You started to journal and your aunts, who must have sensed your need for guidance or perhaps were once there themselves, bought you books that called you writer, offered you exercises to build-a-better-body, a body that could endure the strain of story-making.
You began to write the things that mattered, though your stories then, like the teen who wrote them, mostly only pointed and balked. You wanted to keep writing then more than anything though. In fact, those stories were the only thing you trusted and you were sure without them you were nothing.
You believed this less when you became a mother,then a teacher, and it was hard to write in those years and you were so aware of that hollow, just as you were the beating of your own heart that first year of teaching. You wrote in fits, though you often felt guilty and were sure that your family must be lost without you. Selfish of you to have this page, this pen, this separate pleasure! You sometimes snuck in writing time.

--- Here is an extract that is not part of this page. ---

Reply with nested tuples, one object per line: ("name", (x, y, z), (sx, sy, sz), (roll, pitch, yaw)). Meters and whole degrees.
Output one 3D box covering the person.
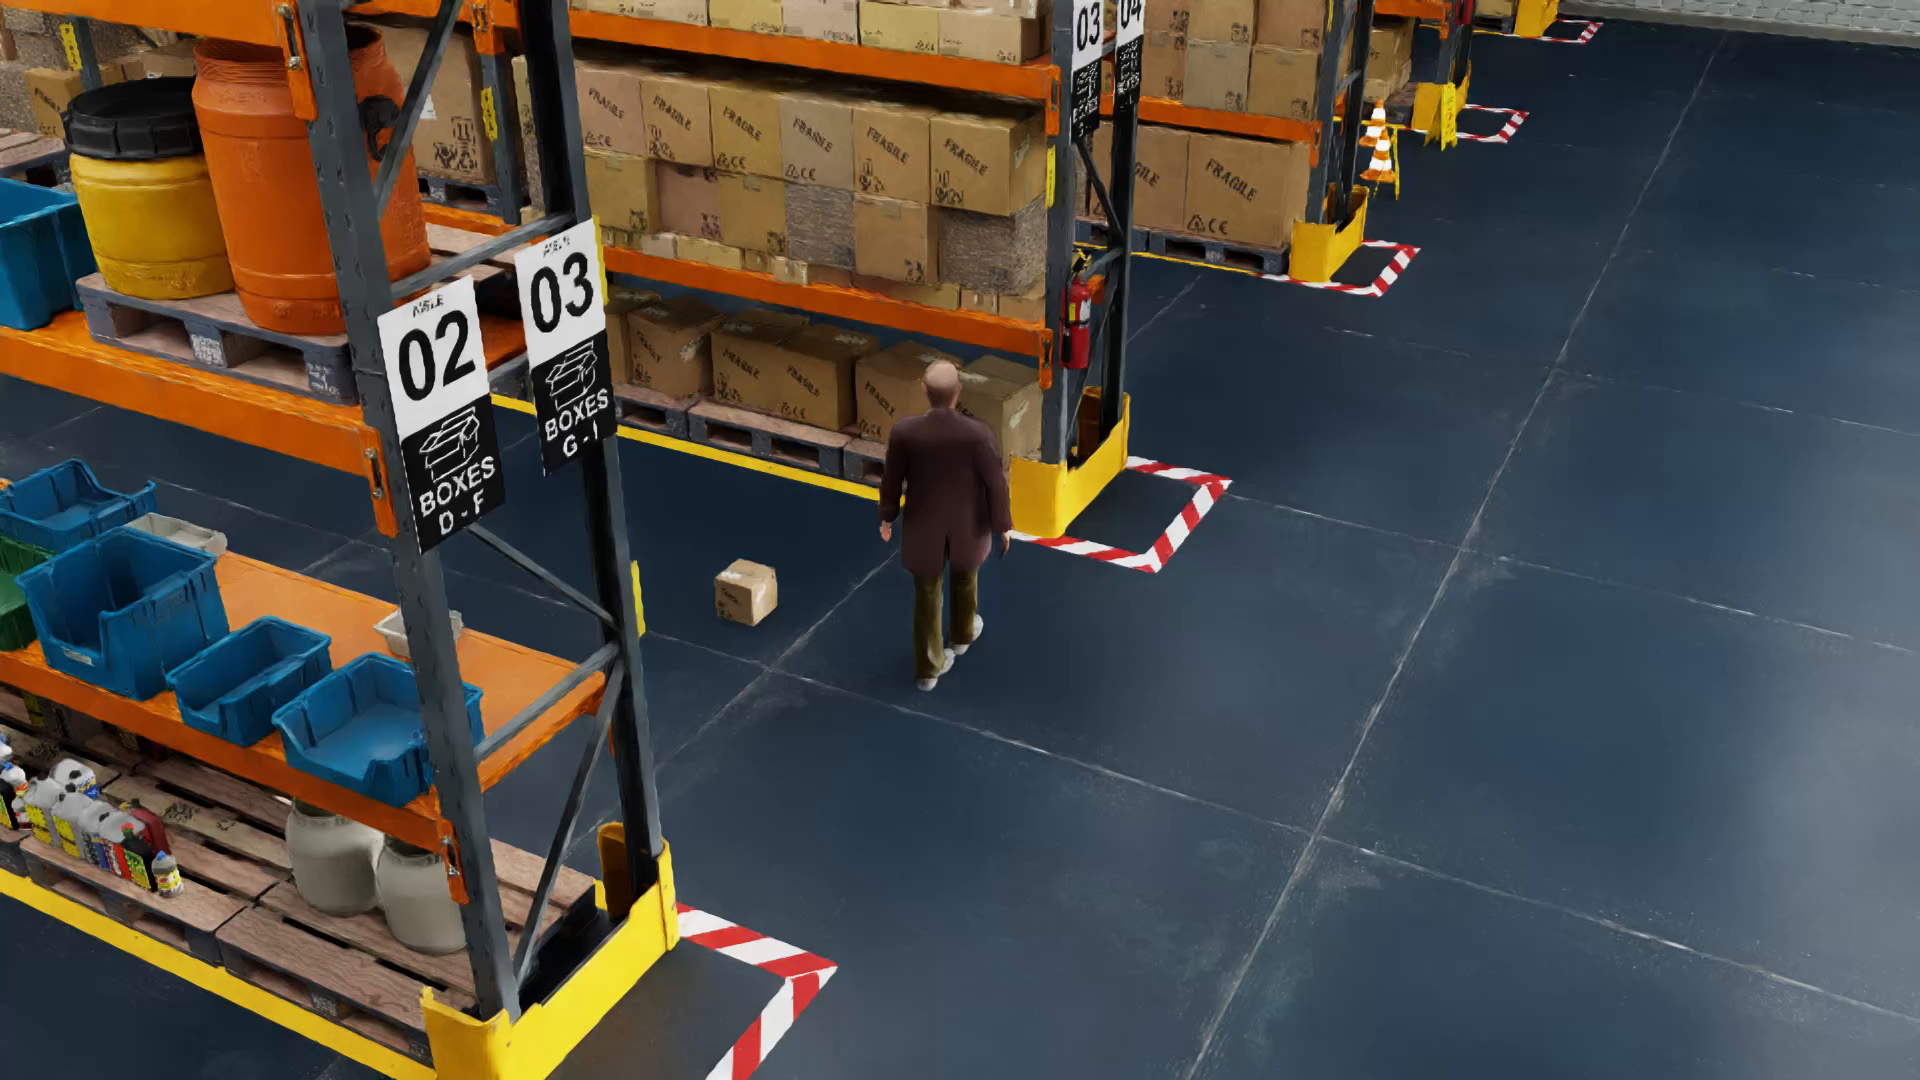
("person", (-0.082, -0.138, 8.535), (0.690, 1.779, 0.662), (0, 30, -1))

It wasn’t just that you loosed your grasp on what you never could control, though that helped. You persisted, sometimes you really just limped along and lied. Now you’ve got your MFA and you know without a doubt, like you did when you published your first book, an allegory on dot matrix pages held together with yarn and glue, that this is the thing you must do and that you must in some way do it every day. When you doubt that, you will remember the rush of relief, love, and joy you felt the first time your fifteen-year-old son spent the bulk of one day struggling to master a song on his electric blue Fender guitar.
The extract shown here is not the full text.